Nível sérico de vitamina D3 em portadores de melanoma cutâneo

Autores:

Renato Santos de Oliveira Filho,
Daniel Arcuschin de Oliveira,
Vitor Augusto Melão Martinho,
Célia Beatriz Gianotti Antoneli,
Ludmilla Altino de Lima Marcussi,
Carlos Eduardo dos Santos Ferreira

ARTIGO ORIGINAL

Einstein (São Paulo)

versão impressa ISSN 1679-4508versão On-line ISSN 2317-6385

Einstein (São Paulo) vol.12 no.4 São Paulo out./dez. 2014

http://dx.doi.org/10.1590/S1679-45082014AO3090

INTRODUÇÃO

O melanoma cutâneo é uma neoplasia maligna, que se origina de melanócitos ou de células precursoras dos mesmos, e que tem alto potencial de metastatização. Embora não seja o câncer de pele mais frequente, é o mais letal. Existem evidências epidemiológicas de que a radiação solar está relacionada à sua carcinogênese. São esperados 5.890 casos novos de melanoma para o ano de 2014 no Brasil.(1)

O receptor de vitamina D (VDR, sigla do inglês vitamin D receptor) está presente em melanócitos normais e em determinadas linhagens celulares de melanoma.(2) A 25-hidroxivitamina D, também chamada colecalciferol, é normalmente formada na pele a partir de 7-deidrocolesterol, em uma reação fotoquímica catalisada pelo componente ultravioleta da luz solar. A vitamina D3 não é biologicamente ativa, mas convertida por enzimas do fígado e dos rins em 1,25-diidroxicolecalciferol (vitamina D ou calcitriol), um hormônio que regula a absorção de cálcio nos intestinos e os níveis deste nos rins e nos ossos.

Dentre outras funções da vitamina D, há uma extremamente importante, que é a de fortalecer o sistema imunológico. O efeito da vitamina D no sistema imunológico se traduz como um aumento da imunidade inata, associado a uma regulação multifacetada da imunidade adquirida.
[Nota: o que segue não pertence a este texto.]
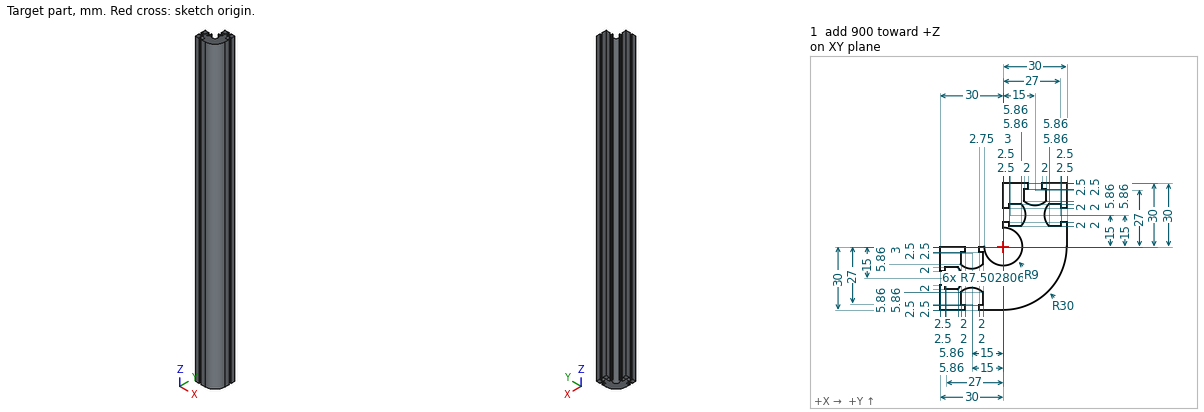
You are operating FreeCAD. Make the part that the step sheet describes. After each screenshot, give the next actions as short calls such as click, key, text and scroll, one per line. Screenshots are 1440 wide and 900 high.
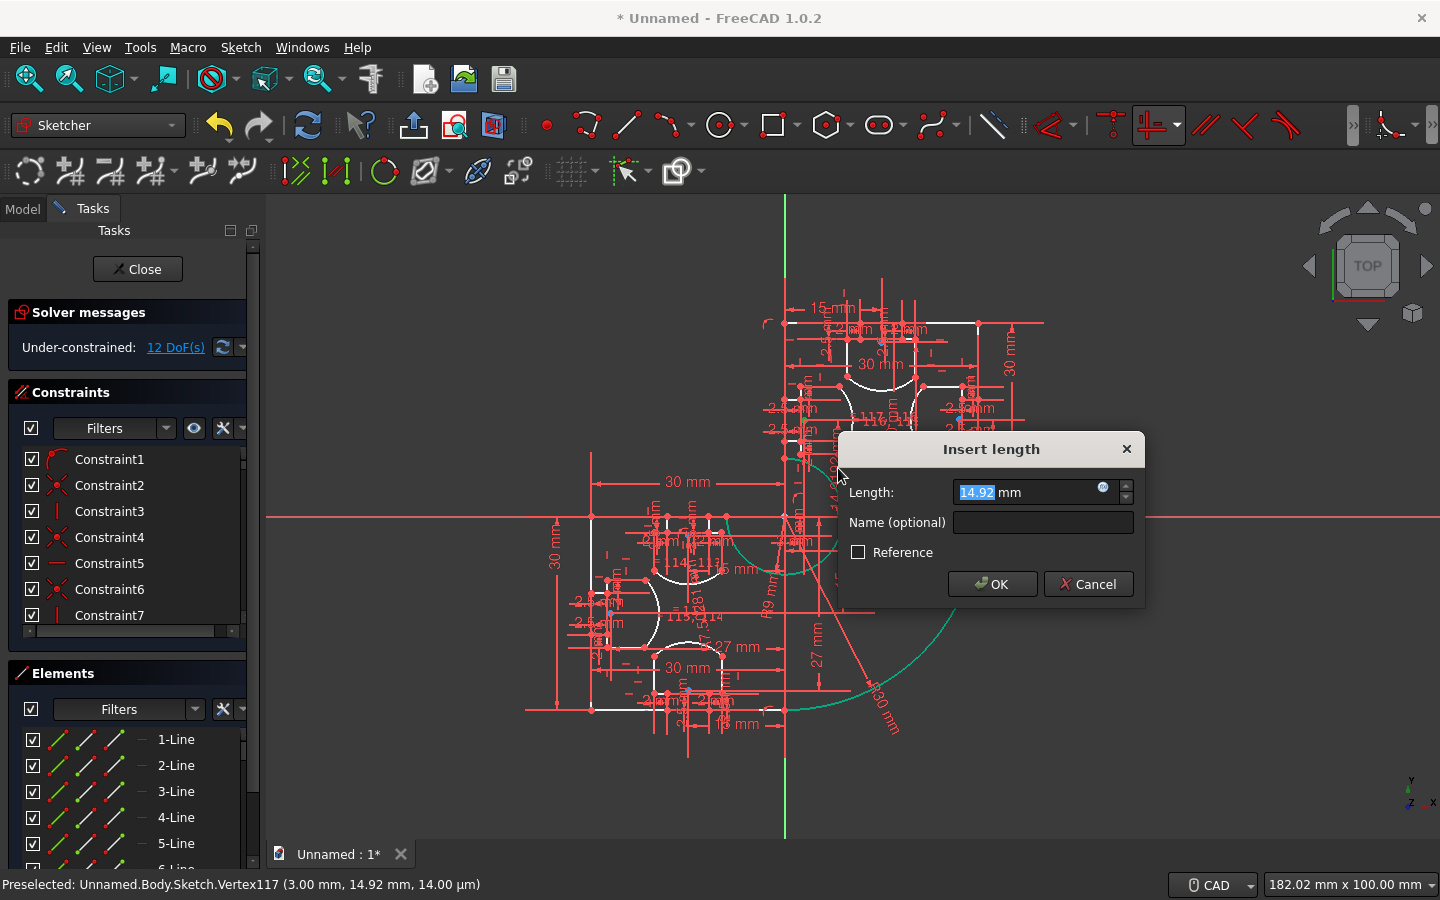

Já se demonstrou associação entre os níveis deficientes de vitamina D3 e vários tipos de neoplasias malignas, como câncer de colon, de mama e de pele.(3)

Vivemos uma controvérsia na comunidade científica sobre quanto de luz solar é apropriado para o equilíbrio entre os efeitos negativos e positivos da exposição à radiação ultravioleta (UV) solar.

A exposição solar é essencial para que a vitamina D seja produzida pela pele, embora a exposição à radiação UV, sem dúvida, seja o fator ambiental mais importante para todos os tipos de câncer dessa localização, por causar danos ao DNA das células da pele. Muitos estudos têm avaliado a importante relação entre a luz solar, a vitamina D e o câncer de pele.(4,5)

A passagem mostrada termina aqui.